В 1899 году здесь умер 461 человек. Знаете, сколько из них от туберкулеза? 46, а более 161 от болезней пищеварительных органов, то есть из-за недостаточного или неправильного питания. В 1900 году на 450 смертей приходилось 44 от туберкулеза и 164 от других названных болезней.
В 1901 году цифры были 355, 38 и 82. 1902-й был самый ужасный год, потому что из 341 смерти 60 было от чахотки и 219 от истощения. И в 1903 году умерло 384 человека, из них 55 от туберкулеза и 133 от других уже названных болезней.
— Сеньор доктор, — обращаюсь я к дону Луису, — это чудовищно.
— Сеньор Асорин, — отвечает мне доктор, — такова действительность, которую мне приходится наблюдать каждый день. И к этой боли, нищете и смертям добавьте антагонизм рабочего и хозяина, который день ото дня растет, становится все ужаснее. Глубокая пропасть разделяет их: хозяин скупится и сбавляет поденную плату, рабочий трудится с неохотой, затягивая, насколько возможно, перерывы в работе. Часть земель обработана. Но огромные пространства остаются невозделанными, в то время как множество рабочих рук свободно. Помещики безвылазно сидят дома; они и знать не желают о работниках, не имеют с ними никаких отношений, не поддерживают связей. Ненависть этих затравленных, доведенных до отчаяния крестьян все нарастает.
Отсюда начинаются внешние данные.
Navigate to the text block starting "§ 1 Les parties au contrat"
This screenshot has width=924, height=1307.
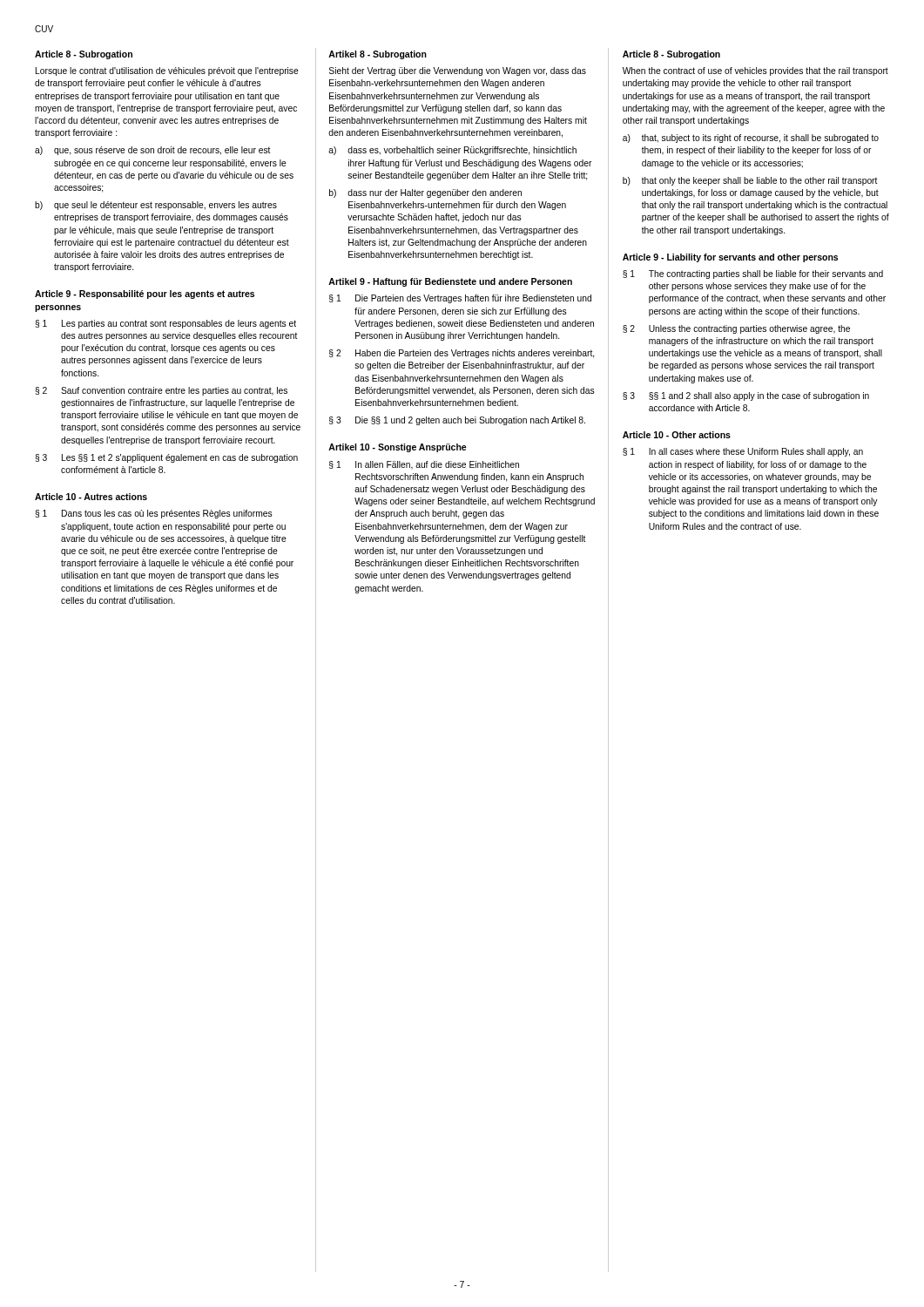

В 1903 году во время знаменитой забастовки в Лебрихе вся прислуга городка встала на сторону забастовщиков. Горничные, подстрекаемые и запуганные своими женихами, покинули хозяев; ушли также старухи, прослужившие здесь пятнадцать — двадцать лет; ушли и мамки, выкармливавшие хозяйских детей…
— То, что вы рассказываете, сеньор доктор, невероятно.